Start of Block

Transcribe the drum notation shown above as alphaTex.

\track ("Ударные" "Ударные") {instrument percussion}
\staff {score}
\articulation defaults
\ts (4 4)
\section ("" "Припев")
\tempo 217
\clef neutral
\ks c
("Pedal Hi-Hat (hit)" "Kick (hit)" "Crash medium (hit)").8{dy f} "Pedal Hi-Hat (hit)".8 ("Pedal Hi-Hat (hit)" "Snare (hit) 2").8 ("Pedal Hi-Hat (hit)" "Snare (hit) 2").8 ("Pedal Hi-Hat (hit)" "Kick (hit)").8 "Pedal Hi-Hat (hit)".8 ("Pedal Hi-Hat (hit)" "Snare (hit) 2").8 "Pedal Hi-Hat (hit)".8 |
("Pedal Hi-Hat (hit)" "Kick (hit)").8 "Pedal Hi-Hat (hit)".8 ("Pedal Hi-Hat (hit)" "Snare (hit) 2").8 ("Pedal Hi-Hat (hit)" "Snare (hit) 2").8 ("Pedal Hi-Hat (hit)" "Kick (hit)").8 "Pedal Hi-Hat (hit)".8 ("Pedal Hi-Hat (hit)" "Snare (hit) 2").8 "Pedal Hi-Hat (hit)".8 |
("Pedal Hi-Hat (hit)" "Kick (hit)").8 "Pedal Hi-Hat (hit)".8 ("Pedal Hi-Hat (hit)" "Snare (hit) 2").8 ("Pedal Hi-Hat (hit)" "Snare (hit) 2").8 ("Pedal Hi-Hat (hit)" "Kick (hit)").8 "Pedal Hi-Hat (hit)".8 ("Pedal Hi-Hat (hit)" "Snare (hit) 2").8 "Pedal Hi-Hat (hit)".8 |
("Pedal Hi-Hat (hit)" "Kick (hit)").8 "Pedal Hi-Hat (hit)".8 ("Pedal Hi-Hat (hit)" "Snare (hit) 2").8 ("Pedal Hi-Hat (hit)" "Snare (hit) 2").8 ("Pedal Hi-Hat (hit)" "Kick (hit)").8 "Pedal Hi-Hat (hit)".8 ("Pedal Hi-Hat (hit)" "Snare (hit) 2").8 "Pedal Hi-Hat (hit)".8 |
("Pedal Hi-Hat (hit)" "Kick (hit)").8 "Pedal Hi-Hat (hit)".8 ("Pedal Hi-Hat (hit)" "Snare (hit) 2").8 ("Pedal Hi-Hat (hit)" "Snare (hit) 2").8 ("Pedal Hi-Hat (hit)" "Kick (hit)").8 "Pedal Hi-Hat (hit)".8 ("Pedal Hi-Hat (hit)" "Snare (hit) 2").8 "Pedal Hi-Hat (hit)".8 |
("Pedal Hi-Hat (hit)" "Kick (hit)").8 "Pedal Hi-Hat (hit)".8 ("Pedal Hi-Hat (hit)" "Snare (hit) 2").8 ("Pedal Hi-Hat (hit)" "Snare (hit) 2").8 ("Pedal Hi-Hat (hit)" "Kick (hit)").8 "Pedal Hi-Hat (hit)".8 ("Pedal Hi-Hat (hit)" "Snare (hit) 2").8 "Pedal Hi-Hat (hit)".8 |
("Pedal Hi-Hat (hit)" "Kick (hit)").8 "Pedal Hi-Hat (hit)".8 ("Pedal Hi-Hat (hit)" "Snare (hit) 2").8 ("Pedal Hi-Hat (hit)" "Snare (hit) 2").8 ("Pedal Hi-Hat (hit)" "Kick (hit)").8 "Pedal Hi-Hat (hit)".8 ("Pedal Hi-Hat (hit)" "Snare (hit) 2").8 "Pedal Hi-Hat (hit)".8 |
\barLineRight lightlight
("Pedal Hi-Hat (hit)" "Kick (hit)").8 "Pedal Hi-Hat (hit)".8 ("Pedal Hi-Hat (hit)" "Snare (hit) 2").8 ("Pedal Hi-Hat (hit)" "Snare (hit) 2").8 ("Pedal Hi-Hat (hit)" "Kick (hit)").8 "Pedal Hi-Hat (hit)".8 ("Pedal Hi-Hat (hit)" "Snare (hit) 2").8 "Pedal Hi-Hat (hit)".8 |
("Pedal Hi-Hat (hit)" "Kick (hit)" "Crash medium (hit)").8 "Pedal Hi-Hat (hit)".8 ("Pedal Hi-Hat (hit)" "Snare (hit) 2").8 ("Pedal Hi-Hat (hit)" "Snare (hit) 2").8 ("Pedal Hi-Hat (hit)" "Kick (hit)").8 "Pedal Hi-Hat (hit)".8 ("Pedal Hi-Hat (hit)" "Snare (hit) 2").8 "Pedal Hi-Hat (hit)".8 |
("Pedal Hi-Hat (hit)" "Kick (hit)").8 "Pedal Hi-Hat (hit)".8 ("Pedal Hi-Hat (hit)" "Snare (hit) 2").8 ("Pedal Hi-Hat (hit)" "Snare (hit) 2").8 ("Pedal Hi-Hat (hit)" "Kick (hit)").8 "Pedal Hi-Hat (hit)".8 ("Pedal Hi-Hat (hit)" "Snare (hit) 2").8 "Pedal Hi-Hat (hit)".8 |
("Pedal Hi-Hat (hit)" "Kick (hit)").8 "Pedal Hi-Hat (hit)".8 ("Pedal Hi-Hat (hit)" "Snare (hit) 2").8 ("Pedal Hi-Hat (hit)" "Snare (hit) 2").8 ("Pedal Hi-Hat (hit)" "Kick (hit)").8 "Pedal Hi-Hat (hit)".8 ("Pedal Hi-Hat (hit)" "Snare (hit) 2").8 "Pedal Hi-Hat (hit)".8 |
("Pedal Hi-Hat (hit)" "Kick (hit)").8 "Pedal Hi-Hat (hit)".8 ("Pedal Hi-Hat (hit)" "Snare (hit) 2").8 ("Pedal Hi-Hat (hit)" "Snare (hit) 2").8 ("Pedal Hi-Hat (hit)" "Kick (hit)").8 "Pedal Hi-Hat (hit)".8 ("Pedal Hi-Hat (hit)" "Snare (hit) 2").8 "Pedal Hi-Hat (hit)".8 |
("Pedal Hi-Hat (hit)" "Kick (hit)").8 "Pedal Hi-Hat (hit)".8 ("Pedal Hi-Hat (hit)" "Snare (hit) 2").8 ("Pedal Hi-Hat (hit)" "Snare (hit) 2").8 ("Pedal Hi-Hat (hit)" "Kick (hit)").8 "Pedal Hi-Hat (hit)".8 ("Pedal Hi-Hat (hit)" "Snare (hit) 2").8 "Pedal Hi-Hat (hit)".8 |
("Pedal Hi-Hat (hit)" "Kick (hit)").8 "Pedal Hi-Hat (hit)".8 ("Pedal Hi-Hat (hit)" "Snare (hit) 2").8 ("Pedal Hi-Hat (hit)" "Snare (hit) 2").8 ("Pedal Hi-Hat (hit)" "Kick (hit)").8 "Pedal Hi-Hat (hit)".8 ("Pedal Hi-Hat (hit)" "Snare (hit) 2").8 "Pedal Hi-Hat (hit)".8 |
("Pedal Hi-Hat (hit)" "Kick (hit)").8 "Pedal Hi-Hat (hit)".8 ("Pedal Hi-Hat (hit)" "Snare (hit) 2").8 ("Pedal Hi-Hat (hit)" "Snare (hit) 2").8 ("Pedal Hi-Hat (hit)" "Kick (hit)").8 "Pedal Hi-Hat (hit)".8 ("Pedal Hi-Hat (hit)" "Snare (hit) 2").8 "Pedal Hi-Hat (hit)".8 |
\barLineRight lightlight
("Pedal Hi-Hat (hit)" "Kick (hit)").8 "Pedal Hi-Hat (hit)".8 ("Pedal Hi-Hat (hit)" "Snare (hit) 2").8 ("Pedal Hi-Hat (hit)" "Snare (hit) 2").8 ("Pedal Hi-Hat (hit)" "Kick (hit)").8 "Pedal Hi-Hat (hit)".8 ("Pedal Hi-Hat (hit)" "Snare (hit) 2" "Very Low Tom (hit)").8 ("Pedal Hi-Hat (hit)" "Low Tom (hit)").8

End of Block

▶ **PROBLEM**: Considering only lines that hold the word "medium", work out how many appear in the listing above and give that number only.

▶ **TASK RESULT**: 2